Invalid state packs are rejected before render

These are not unit tests for internal functions. They are integration gates for the pipeline's core claims. If test_01 fails, renders are broken. If test_06 fails, the validation layer has regressed.

The Import Gate

External 3D assets — from Polyhaven, Sketchfab, or AI generators — pass through four stages before they can appear in a production.

1
Import
import_external_asset.py

Fetch and verify

2
Normalize
normalize_imported_asset.py

Blender headless: center, scale, clean

3
Validate
validate_imported_asset.py

Schema check against asset_record.schema.json

4
Preview
preview_imported_asset.py

Headless render preview

An asset that fails normalization does not enter the registry. An asset that fails validation does not enter the registry. An asset that produces a broken preview does not enter the registry.

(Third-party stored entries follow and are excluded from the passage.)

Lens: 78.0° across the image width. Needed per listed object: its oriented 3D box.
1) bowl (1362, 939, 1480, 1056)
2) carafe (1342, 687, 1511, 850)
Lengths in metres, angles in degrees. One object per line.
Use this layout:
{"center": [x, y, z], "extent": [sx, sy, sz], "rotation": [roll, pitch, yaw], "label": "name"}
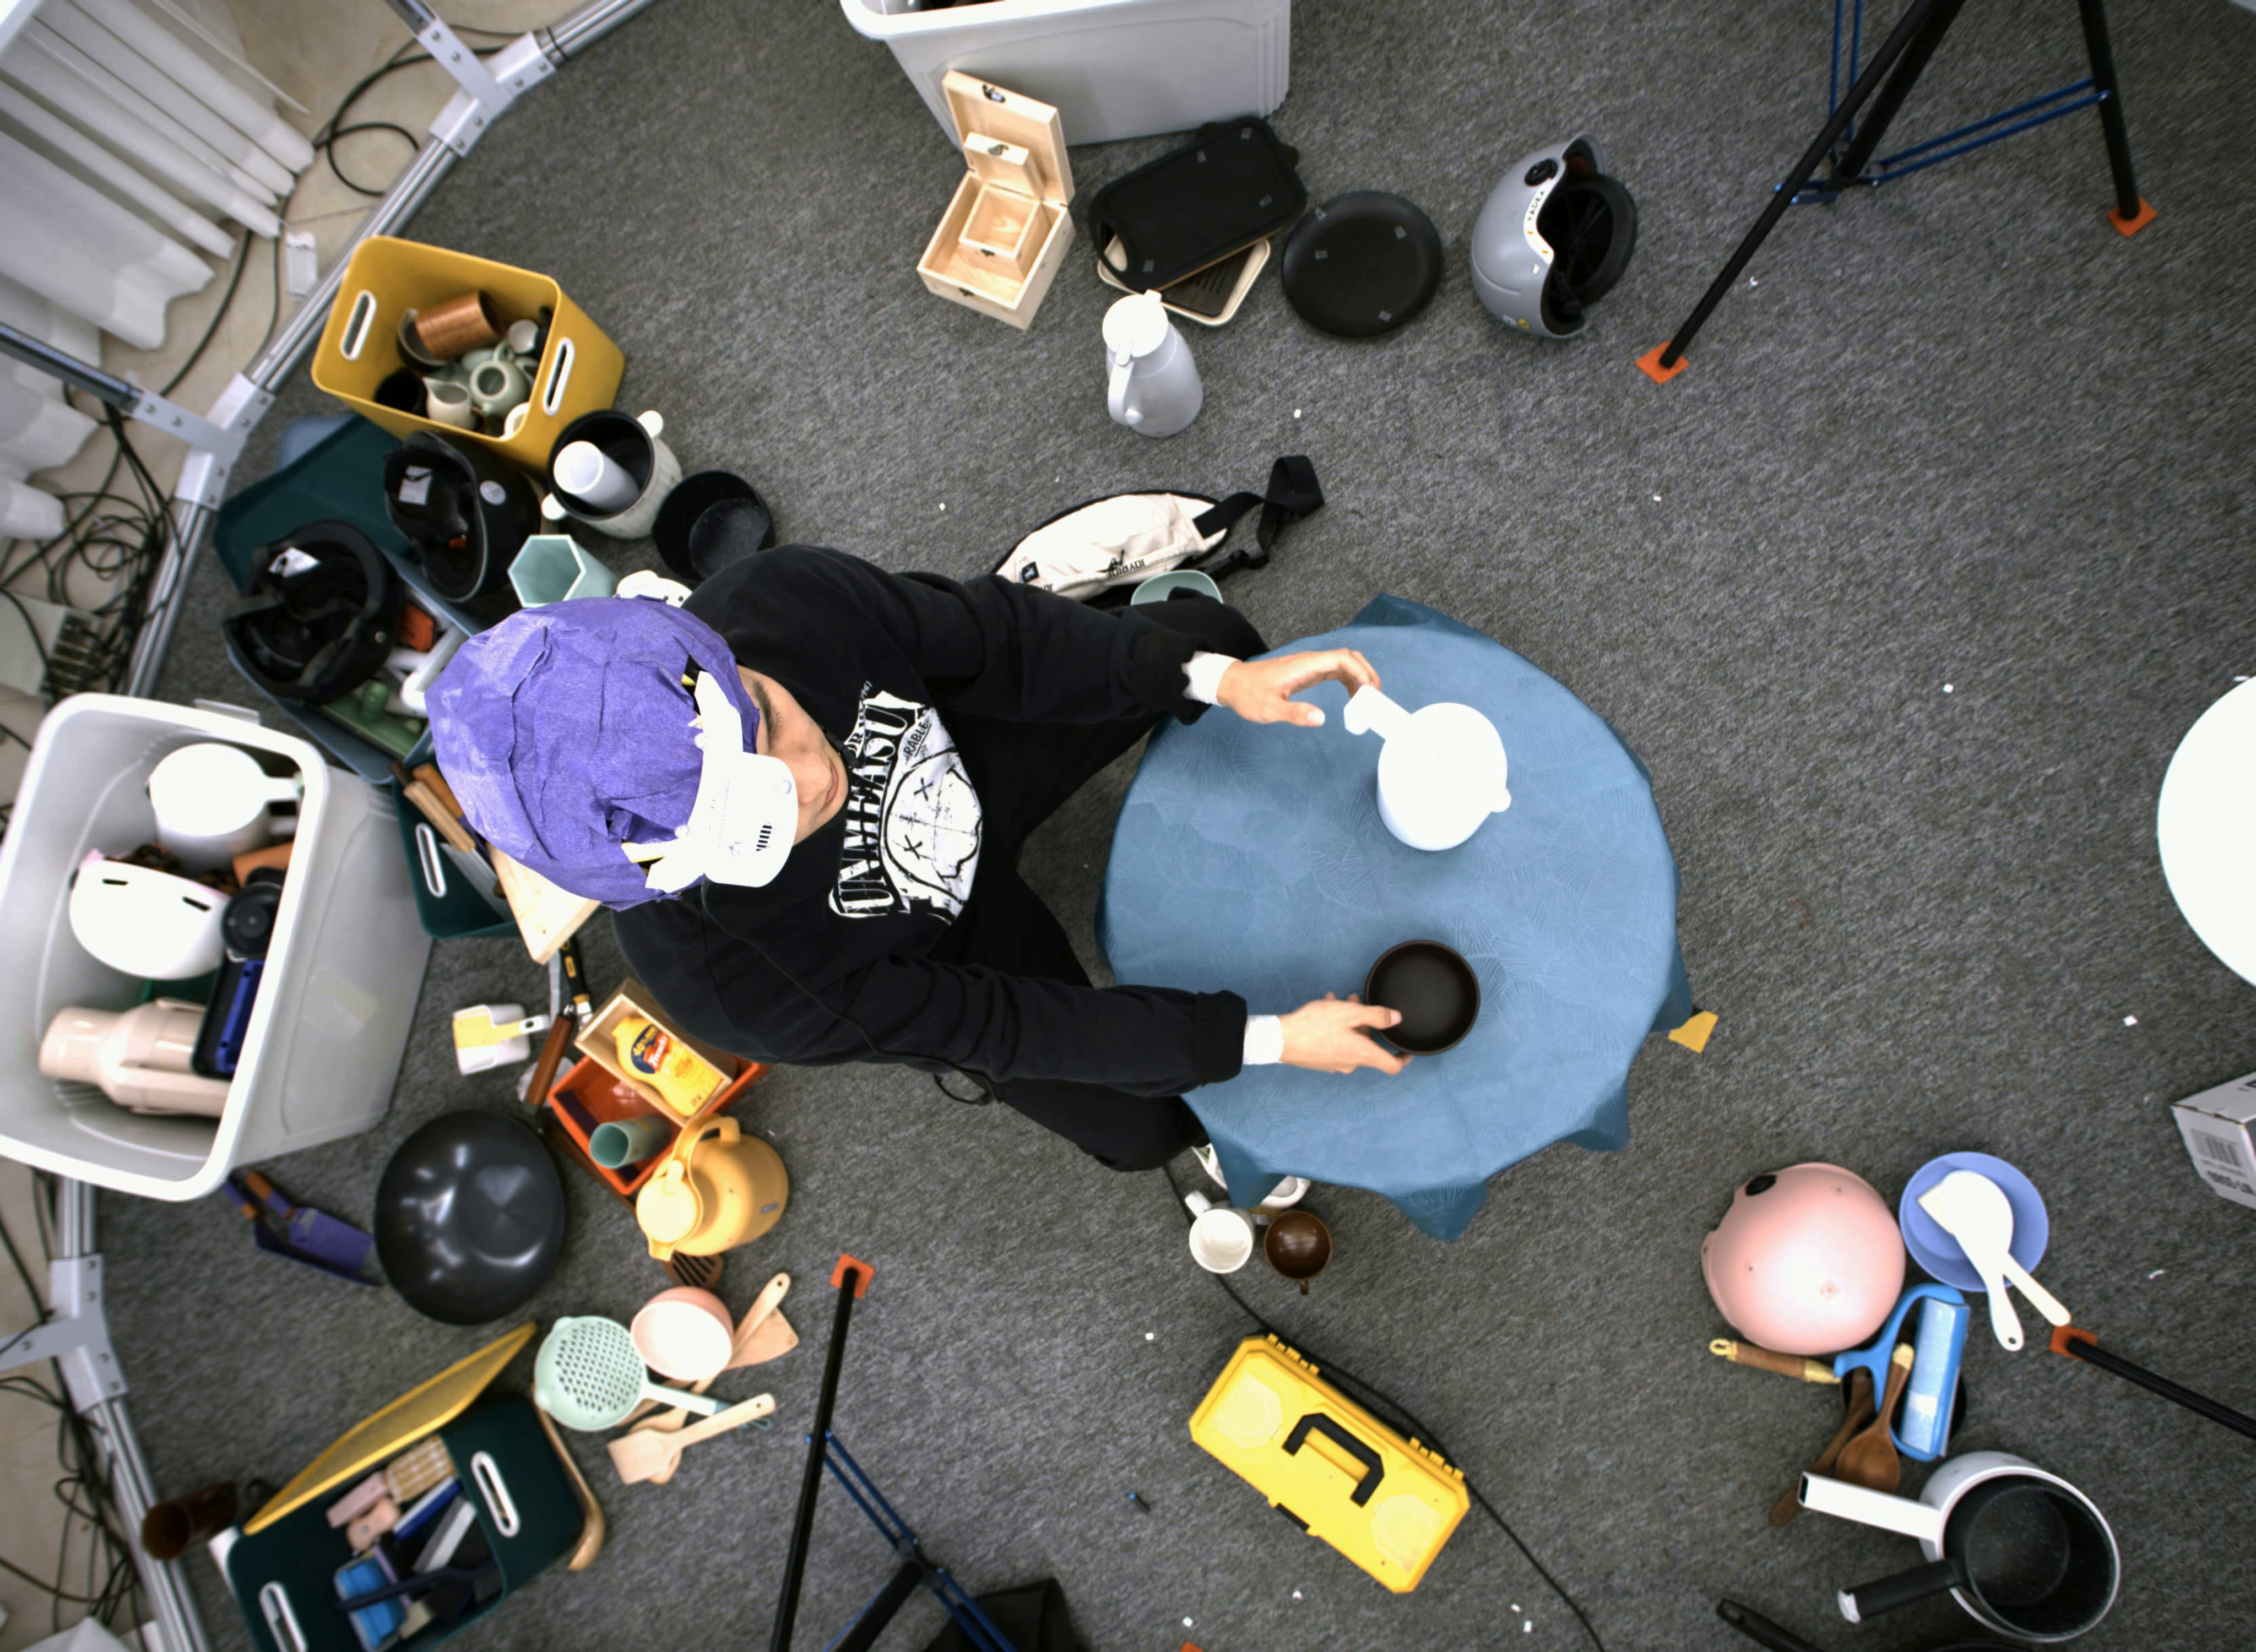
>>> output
{"center": [0.299, 0.173, 1.413], "extent": [0.118, 0.070, 0.117], "rotation": [-1, 86, 11], "label": "bowl"}
{"center": [0.284, -0.056, 1.329], "extent": [0.172, 0.268, 0.124], "rotation": [37, 94, 11], "label": "carafe"}

Semantic Editing Without Regeneration

Describe the change → typed patch → validate against base hash → apply → re-render only what changed.

// semantic_edit_to_patch.py output
{
  "patch_id": "edit_001",
  "base_hash": "a3f8c2...",
  "target_plane": "timeline",
  "target_path": "$.beats[2].camera.position",
  "from_value": [0, 5, 10],
  "to_value": [0, 8, 12],
  "rationale": "pull camera back for wider establishing shot"
}

The base hash check is the key mechanism. If the state has changed since the patch was generated, the patch is rejected. You cannot accidentally apply an edit designed for a different version of the scene.

The Provenance Manifest

Every render writes a manifest to outputs/manifests/<render_id>.json.

{
  "render_id": "r_20260517_alien_rover",
  "timestamp": "2026-05-17T14:23:11Z",
  "inputs": {
    "scene_graph":    { "path": "...", "sha256": "a3f8c2..." },
    "asset_manifest": { "path": "...", "sha256": "b7d1e4..." },
    "timeline":       { "path": "...", "sha256": "c9a2f8..." },
    "render_plan":    { "path": "...", "sha256": "d5b3e1..." }
  },
  "output": {
    "path": "outputs/alien_rover_r001.mp4",
    "sha256": "e2c7a9...",
    "frame_count": 240,
    "duration_s": 10.0
  },
  "renderer": "blender-5.1",
  "partial_regen": false
}

The Deeper Pattern

SVS is a case study in a principle that shows up throughout the Mnehmos ecosystem: the model describes, the engine validates.

RPG-MCP

Model model narrates combat; engine enforces hit points and legal moves.

Clio

Model model proposes entity updates; citation auditor enforces source provenance.

LLM Chess

Model model proposes moves; chess engine enforces legality.

SVS

Model model proposes scene state; validator enforces schema + cross-plane consistency.

Neither can do the other's job well.

The Lesson

"Generated media becomes editable when state is the primary artifact. Pixels are output. State is the product."

A prompt is not a source file. A four-plane JSON pack is. The repo is the memory, the state is the source of truth, and the output is a build artifact.